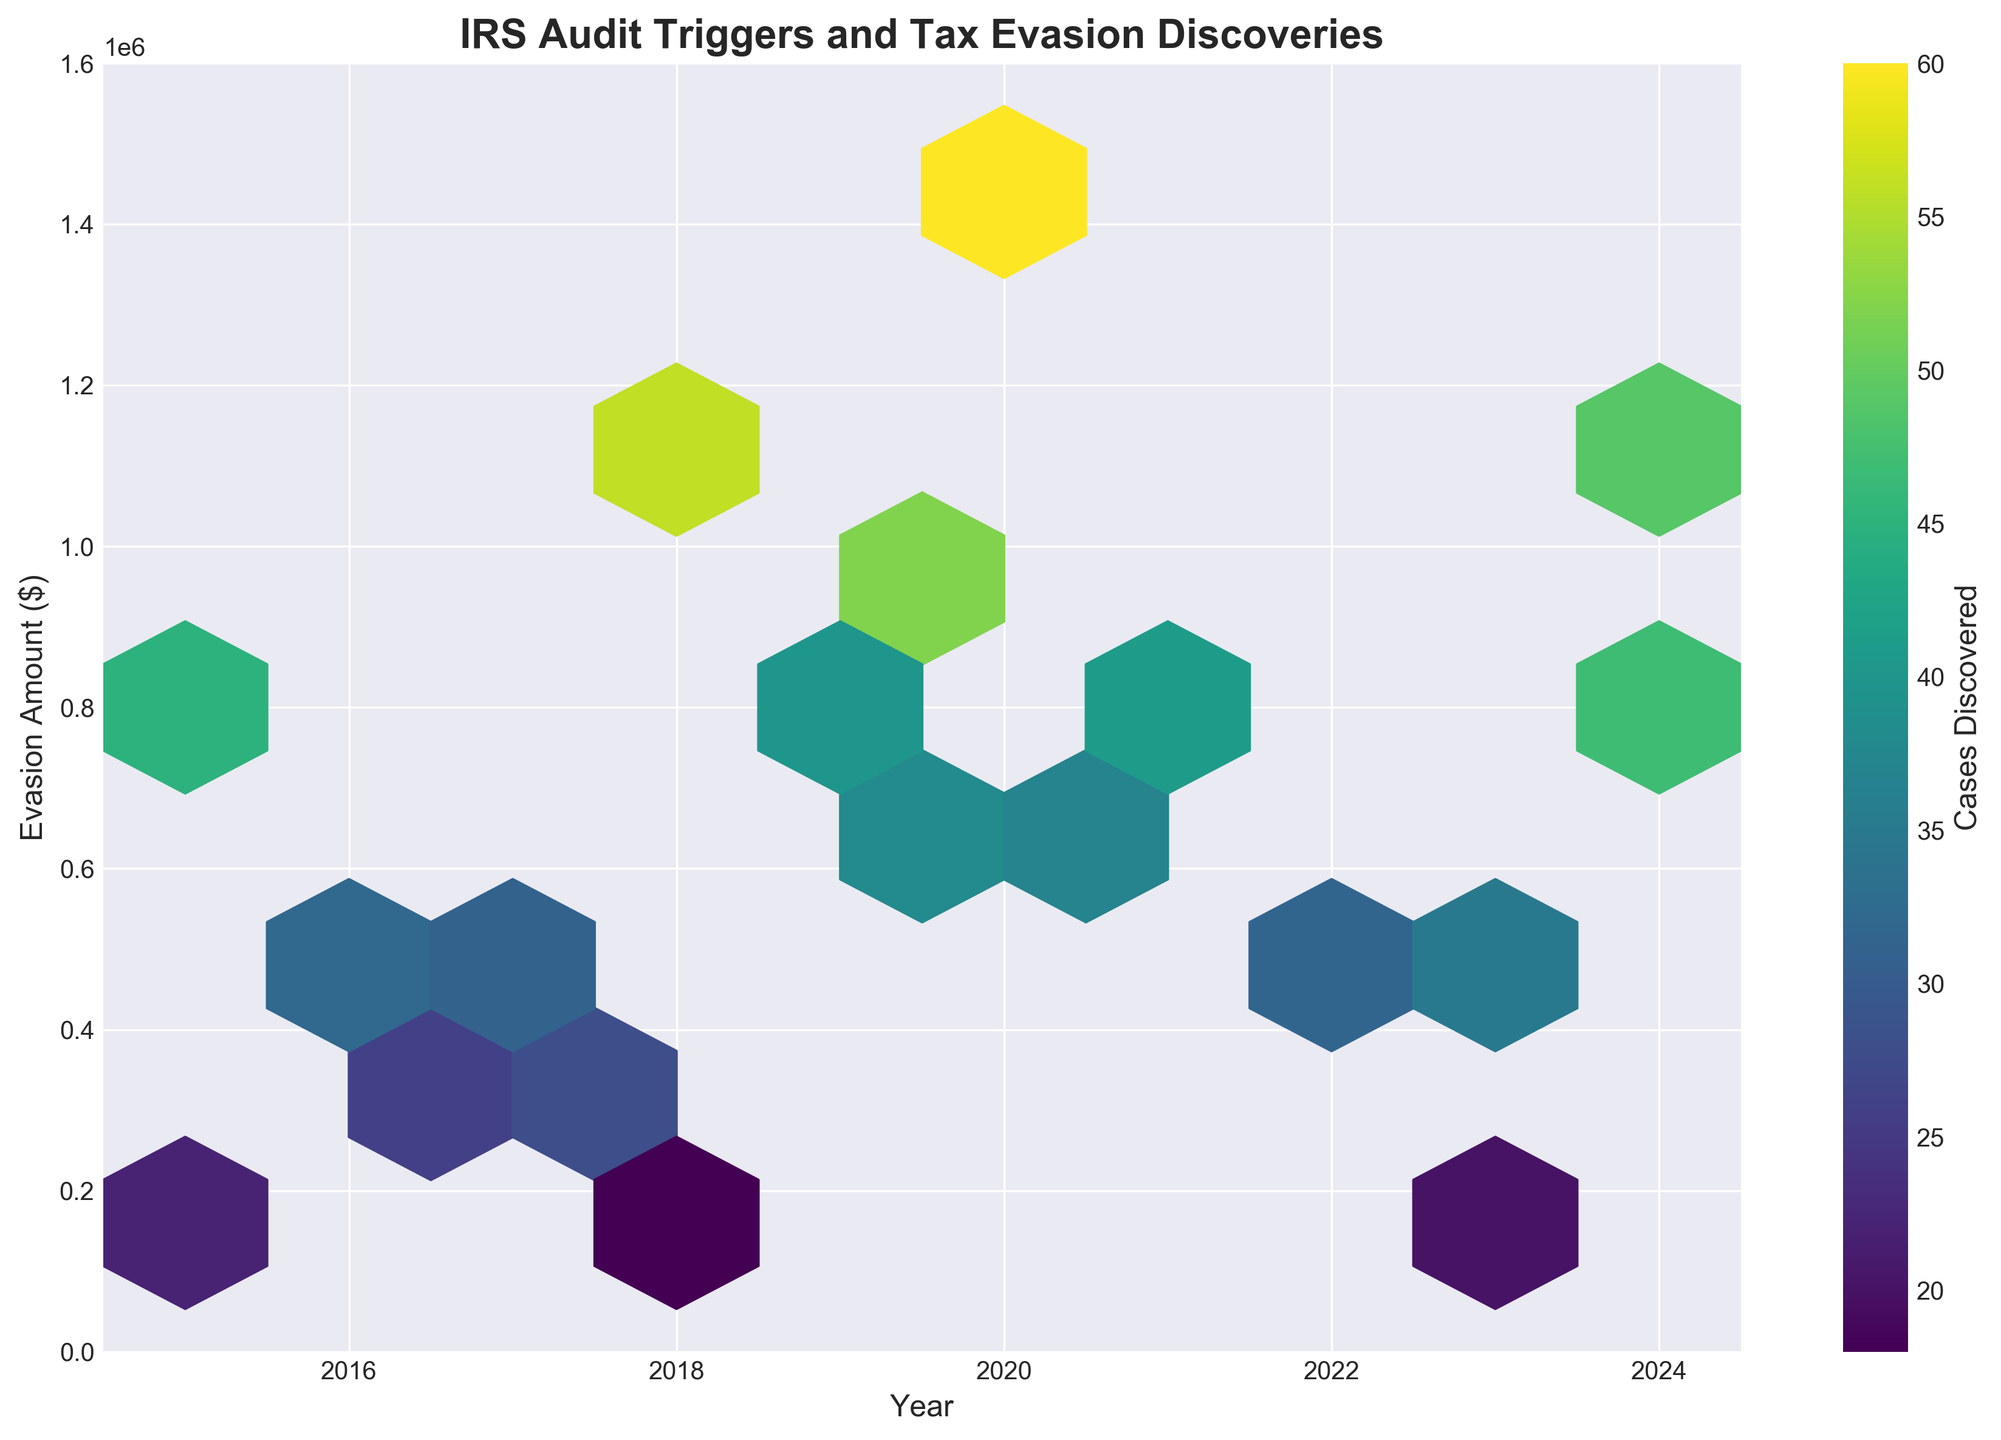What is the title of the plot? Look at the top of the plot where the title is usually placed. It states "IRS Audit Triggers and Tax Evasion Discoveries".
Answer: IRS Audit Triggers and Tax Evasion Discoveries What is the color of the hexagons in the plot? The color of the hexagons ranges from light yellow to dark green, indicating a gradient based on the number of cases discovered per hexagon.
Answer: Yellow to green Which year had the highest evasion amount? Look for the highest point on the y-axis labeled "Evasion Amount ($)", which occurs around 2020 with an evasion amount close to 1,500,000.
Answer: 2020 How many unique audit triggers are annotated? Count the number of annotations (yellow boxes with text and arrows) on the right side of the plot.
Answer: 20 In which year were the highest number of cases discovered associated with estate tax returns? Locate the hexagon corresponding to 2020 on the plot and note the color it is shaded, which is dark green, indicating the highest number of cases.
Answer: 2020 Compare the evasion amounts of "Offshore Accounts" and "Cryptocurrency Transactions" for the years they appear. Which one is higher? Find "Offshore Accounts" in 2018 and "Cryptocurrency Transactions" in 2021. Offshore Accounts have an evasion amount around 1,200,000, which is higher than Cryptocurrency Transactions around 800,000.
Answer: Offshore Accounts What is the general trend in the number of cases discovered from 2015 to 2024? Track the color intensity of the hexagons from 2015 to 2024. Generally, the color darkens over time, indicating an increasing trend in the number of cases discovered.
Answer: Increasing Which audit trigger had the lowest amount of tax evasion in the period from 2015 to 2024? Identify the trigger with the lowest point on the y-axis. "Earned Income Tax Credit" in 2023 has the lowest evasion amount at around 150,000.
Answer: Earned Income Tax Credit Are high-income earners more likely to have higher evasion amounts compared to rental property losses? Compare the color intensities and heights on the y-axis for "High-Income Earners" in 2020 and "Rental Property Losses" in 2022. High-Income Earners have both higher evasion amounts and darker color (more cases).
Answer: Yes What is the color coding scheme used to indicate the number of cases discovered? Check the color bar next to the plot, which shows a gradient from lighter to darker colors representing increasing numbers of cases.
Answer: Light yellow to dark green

Problem description >>
Write out exactly the lines that run from the top of the listing above to the line containing "Answer: 20 In", both ends included. Omit every picture.

Response to this exercise >>
What is the title of the plot? Look at the top of the plot where the title is usually placed. It states "IRS Audit Triggers and Tax Evasion Discoveries".
Answer: IRS Audit Triggers and Tax Evasion Discoveries What is the color of the hexagons in the plot? The color of the hexagons ranges from light yellow to dark green, indicating a gradient based on the number of cases discovered per hexagon.
Answer: Yellow to green Which year had the highest evasion amount? Look for the highest point on the y-axis labeled "Evasion Amount ($)", which occurs around 2020 with an evasion amount close to 1,500,000.
Answer: 2020 How many unique audit triggers are annotated? Count the number of annotations (yellow boxes with text and arrows) on the right side of the plot.
Answer: 20 In which year were the highest number of cases discovered associated with estate tax returns? Locate the hexagon corresponding to 2020 on the plot and note the color it is shaded, which is dark green, indicating the highest number of cases.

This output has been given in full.